= Eduard Killias =

Eduard Killias (1 March 1829, in Chur – 14 November 1891, in Chur) was a Swiss physician and naturalist.

He studied medicine in Tübingen, Zurich, Bern, Prague and Vienna, obtaining his doctorate in medicine and surgery in 1852. Afterwards, he worked as a physician in his hometown of Chur and as a balneologist in Tarasp. He was long-time president of the Naturforschenden Gesellschaft Graubündens (1859–1891) and also served as vice-president of the Historisch-Antiquarischen Gesellschaft Graubündens.

He was the author of several works on bryophytes native to the canton of Graubünden, and in the field of entomology, he was principal author of the five-volume "Beiträge zu einem Verzeichnisse der Insectenfauna Graubündens". His studies on the mineral waters at Tarasp were later translated into English and published as "Tarasp and its mineral waters" (Nettleton Balme Whitby; publisher: London: Bosworth, 1870).
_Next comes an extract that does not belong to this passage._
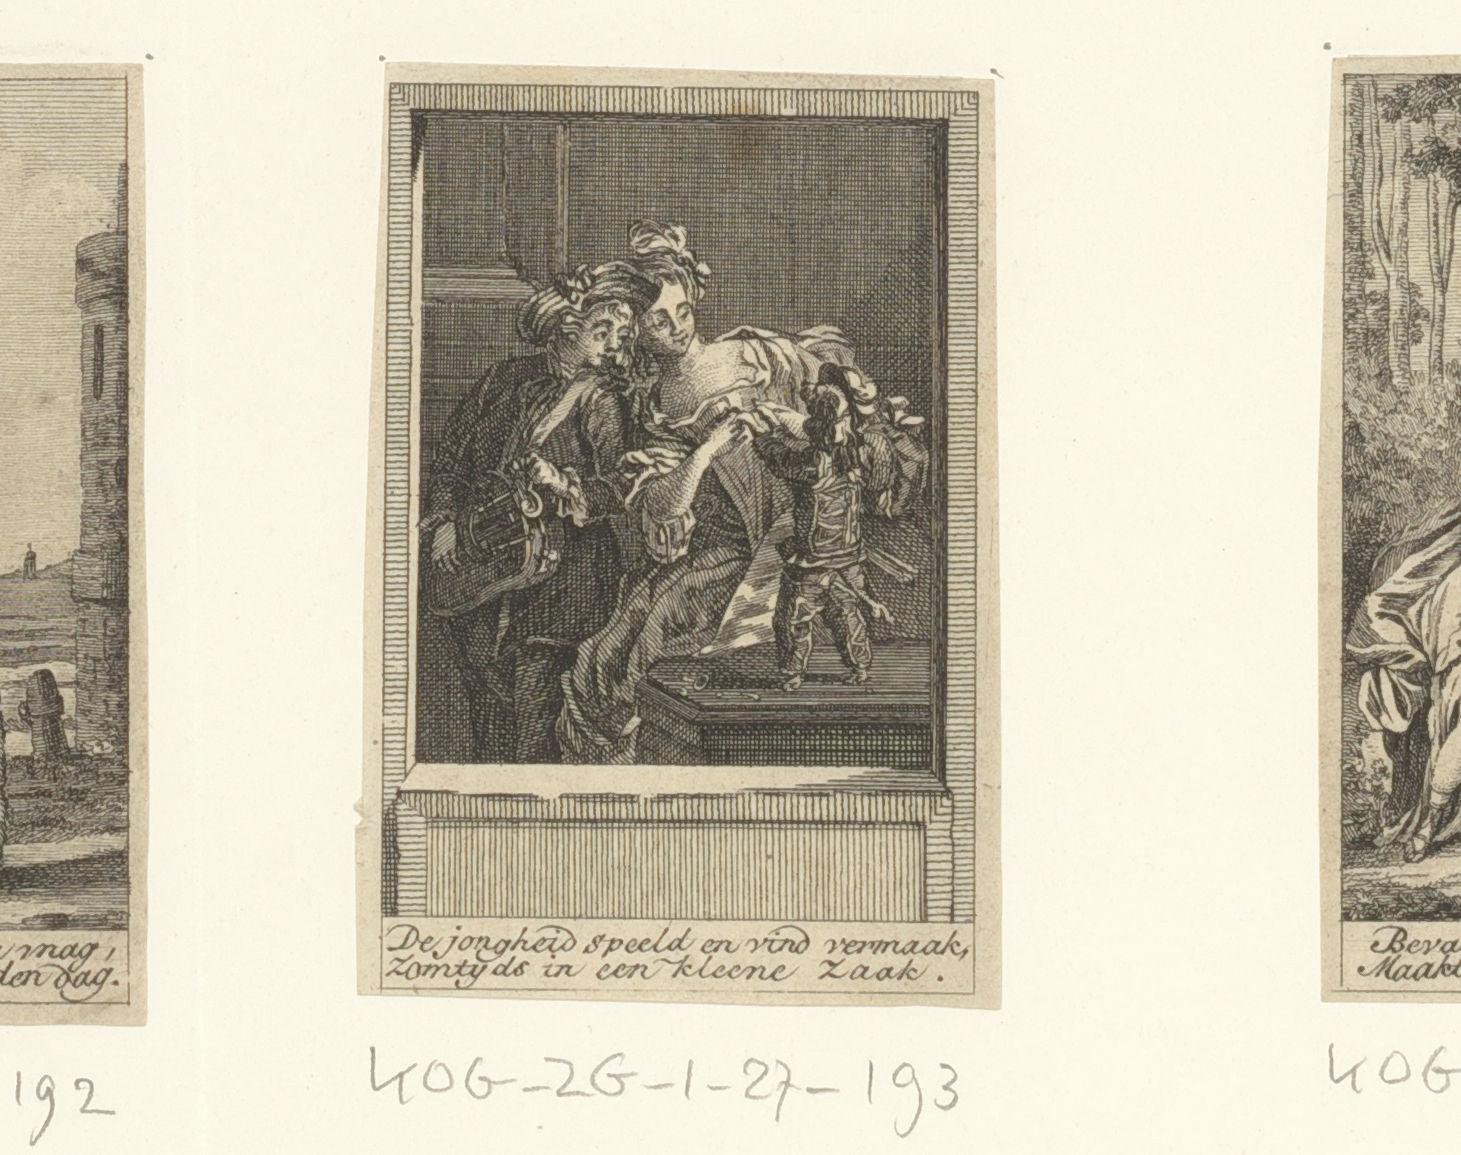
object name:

Taxa with the specific epithet of killiasii are named after him, an example being the moss species, Orthotrichum killiasii (Müll.Hal.).

== Botanical works ==
- Verzeichniss der bündnerischen Laubmoose. — Jahresbericht der Naturforschenden Gesellschaft Graubündens n. F. 4: 77–134. (1859) – Directory of Graubünden mosses.
- Beiträge zur rhätischen Flora. — Jahresbericht der Naturforschenden Gesellschaft Graubündens n. F. 5: 71–81. (1860) Contributions to Rhaetian flora.
- Zweiter Nachtrag zu den Moos- und Flechtenverzeichnissen. — Jahresbericht der Naturforschenden Gesellschaft Graubündens n. F. 6: 245–251. (1861) – Second addendum to moss and lichen directories.
- Laubmoose. (unter: Beiträge zur bündnerischen Kryptogamenflora). — Jahresbericht der Naturforschenden Gesellschaft Graubündens n. F. 11: 183–188. (1866) – Mosses, Contributions to Graubünden cryptogamic flora
- Lebermoose. (unter: Beiträge zur bündnerischen Kryptogamenflora). — Jahresbericht der Naturforschenden Gesellschaft Graubündens n. F. 11: 189–200. (1866) – Liverworts, Contributions to Graubünden cryptogamic flora.
- Die Flora des Unterengadins. — Jahresbericht der Naturforschenden Gesellschaft Graubündens n. F. 31 (Beilage): I–LXXV, 1–266. (1888) – The flora of the Lower Engadine.